Frozen Lake#
Important
Due date: TBD
Context#
In this assignment, you will implement TD(0) and MC apply to the Frozen Lake problem, and analyze the results by comparing their convergence and policy performance.
Assignment#
Part 1: Implement Temporal Difference (TD) Learning#
Task: Implement TD(0) and MC algorithms.
Environment Setup:
Frozen Lake: Two versions - \(4\times 4\) and \(8\times 8\).
Use a discount factor ( \(\gamma = 0.9\) ).
Deliverables for Part 1:
Both algorithms TD(0) and MC.
A plot showing the value function convergence over episodes.
Analysis of how the different parameters affect the convergence:
learning rate (\(\alpha\)).
etc.
Part 2: Comparison and Analysis#
Task: Compare the performance and behavior of both methods (TD(0) and MC).
Required Analysis:
Discuss which method converges faster and why.
Analyze under what conditions one method outperforms the other.
Provide a table comparing key metrics, such as:
Number of episodes for convergence.
Sensitivity to hyperparameters (e.g., learning rate, episode length).
Stability of results.
Deliverables:
Report with comparisons and insights.
Plots showing side-by-side performance (e.g., convergence speed, value estimates).
Explanation of potential trade-offs between both methods.
Evaluation Criteria#
Correctness of Implementations: 40%
TD(0) and MC methods are implemented correctly and produce expected results.
Analysis and Insights: 30%
Depth of analysis in comparing the methods.

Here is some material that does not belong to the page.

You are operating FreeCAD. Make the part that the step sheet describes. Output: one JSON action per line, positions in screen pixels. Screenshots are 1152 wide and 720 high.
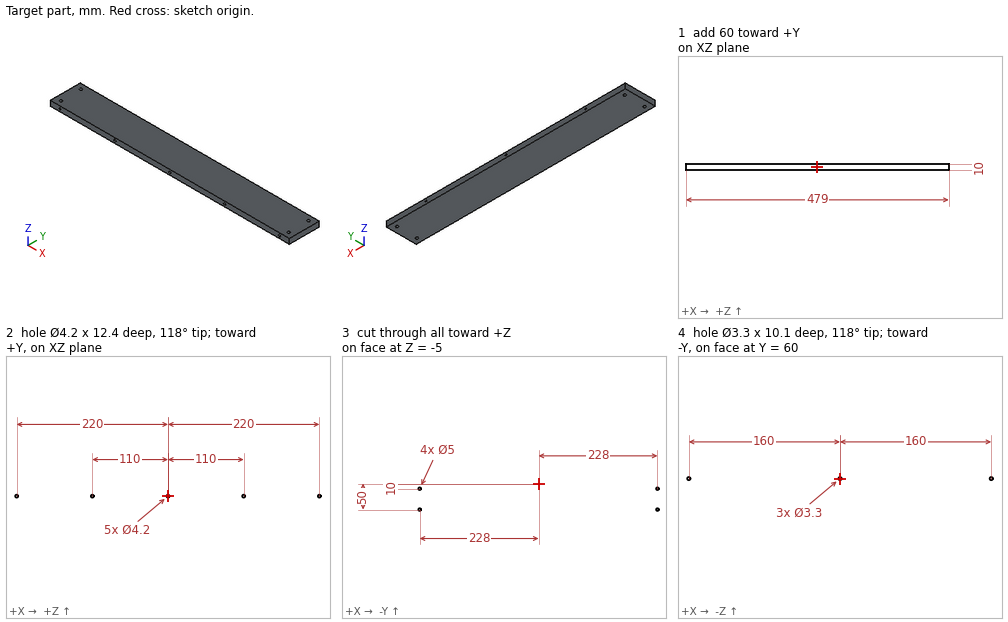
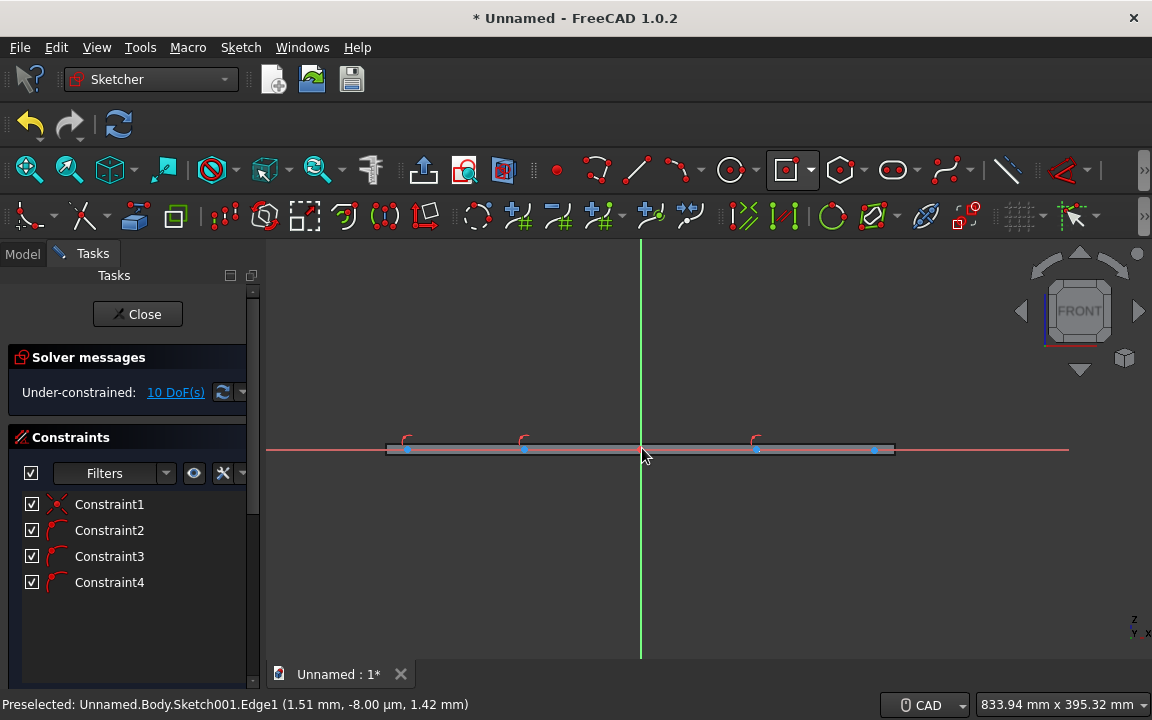
{"action": "scroll", "coordinate": [759, 448], "scroll_direction": "up", "scroll_amount": 11}

Clear presentation of convergence behaviors and performance metrics.
Code Quality: 20%
Well-commented and organized code.
Proper use of libraries and good programming practices.
Presentation: 10%
Clear plots, tables, and visualizations.
Well-written report with proper formatting and insightful observations.
Submission Guidelines#
Code files (.py) uploaded to Moodle.
Report in PDF format with relevant plots and analysis.
Resources#
Sutton & Barto, “Reinforcement Learning: An Introduction”
Documentation for environments like OpenAI Gym (optional but useful).